### ASSIGNED TASK
Output exactly the lines below from the one containing "Where should I" to the last line, both included. Omit pictures.

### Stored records
-.-.-

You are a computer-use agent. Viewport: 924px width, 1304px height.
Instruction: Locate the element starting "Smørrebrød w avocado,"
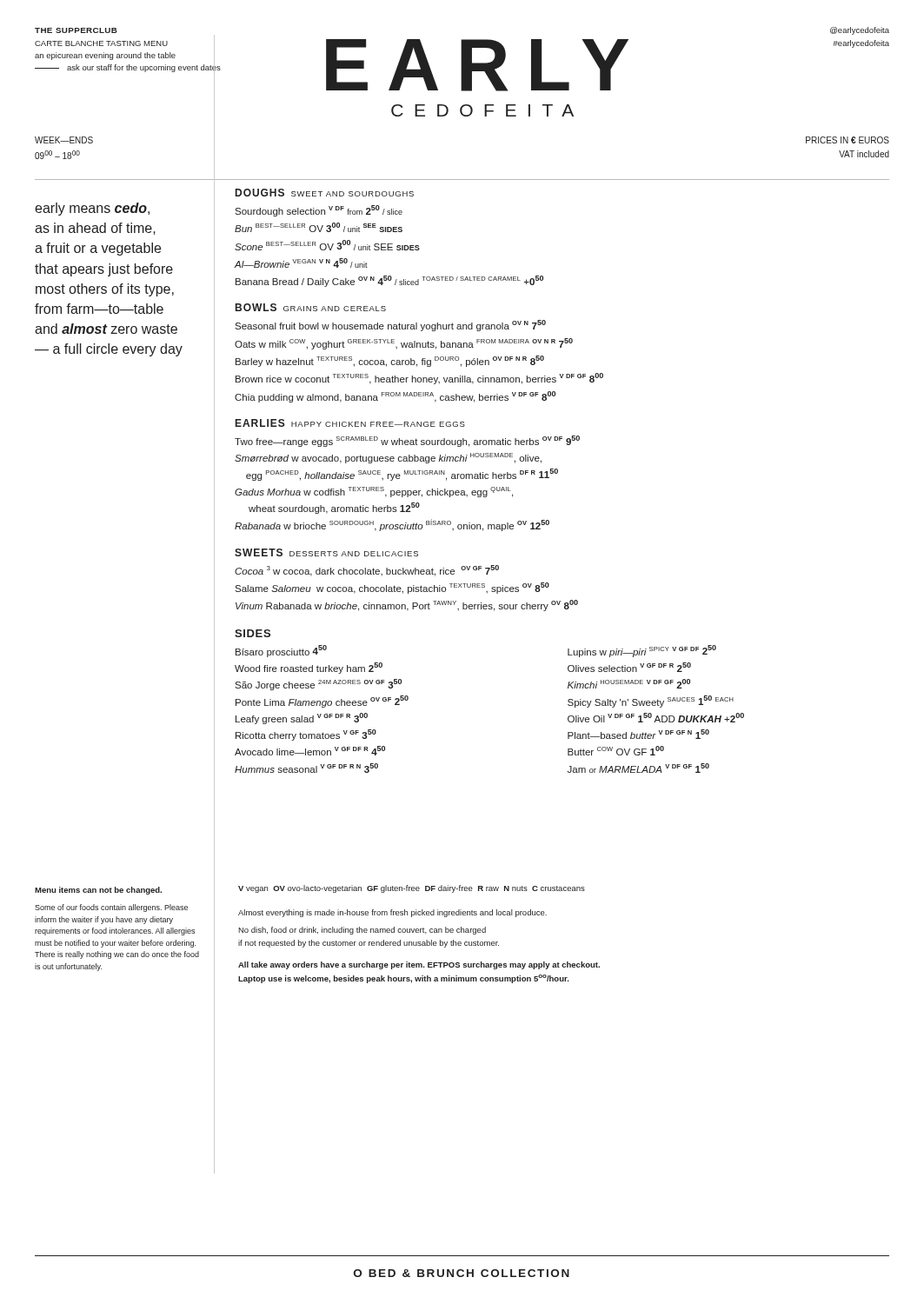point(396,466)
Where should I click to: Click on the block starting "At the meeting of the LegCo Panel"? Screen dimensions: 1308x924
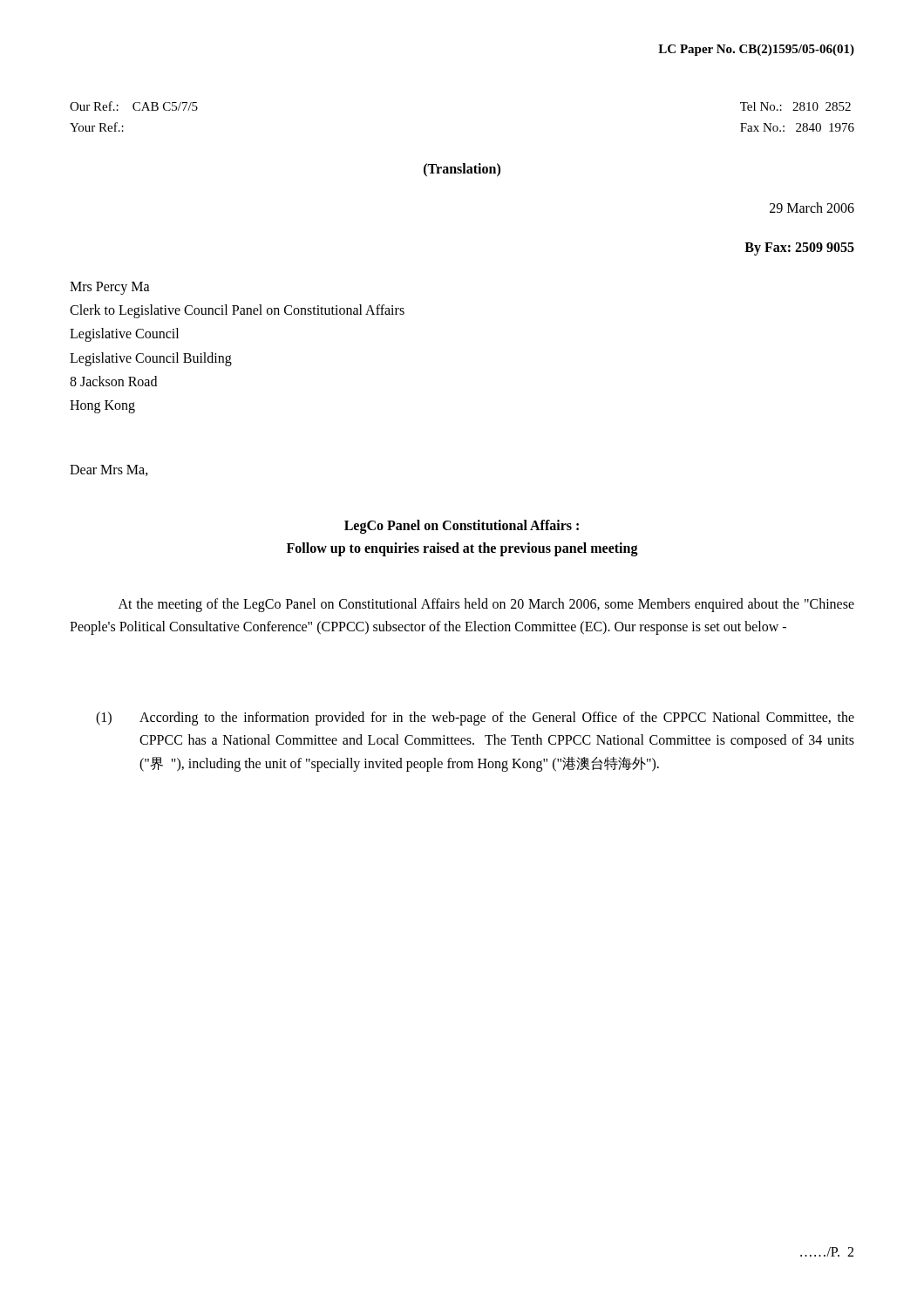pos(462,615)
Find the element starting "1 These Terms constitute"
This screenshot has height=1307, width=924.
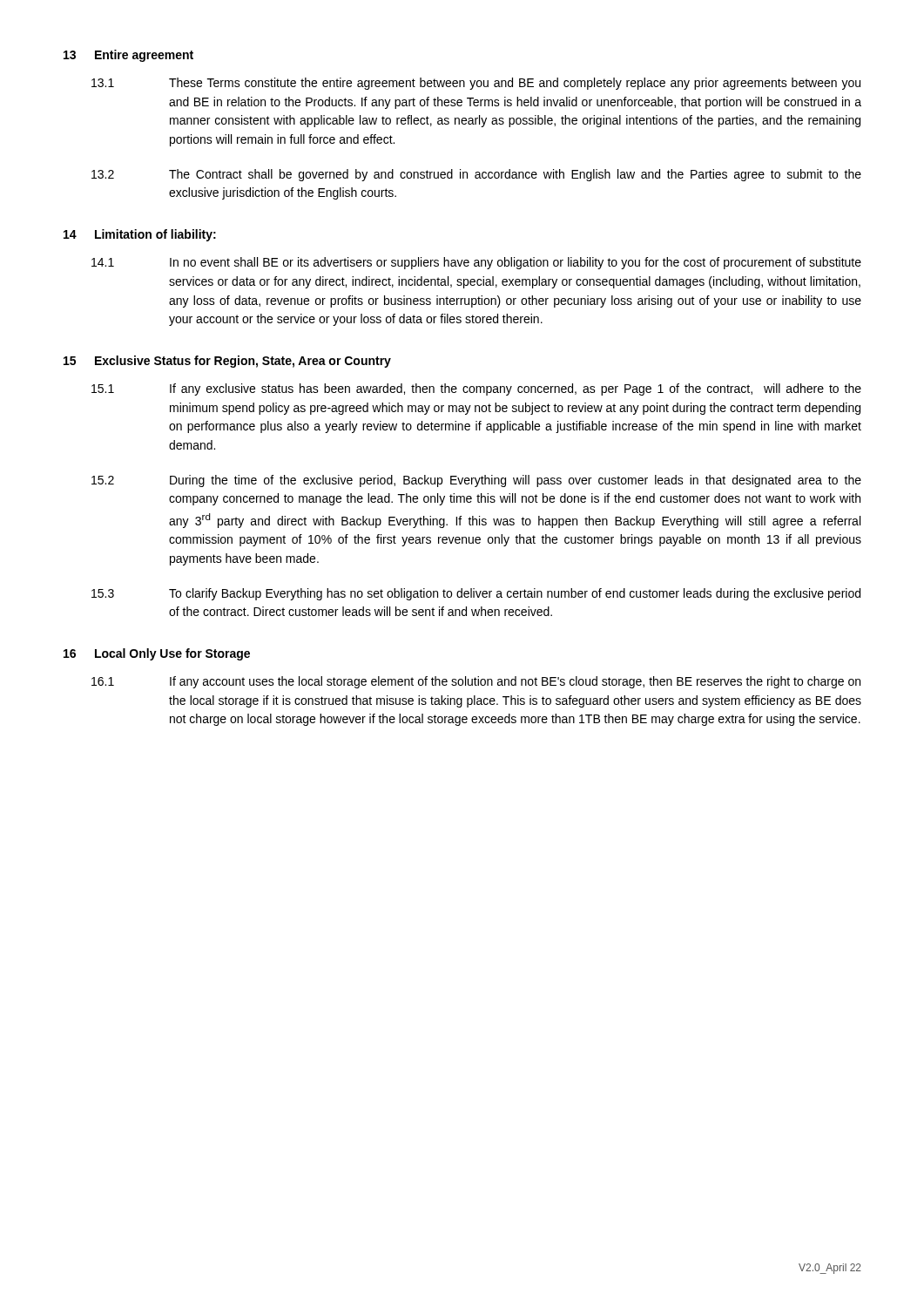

-.-.-

### REPLY TO THE TASK
Where should I click to: Click on the block starting "At the meeting of the LegCo Panel"? Screen dimensions: 1308x924
pos(462,615)
Find the element starting "1 These Terms constitute"
This screenshot has height=1307, width=924.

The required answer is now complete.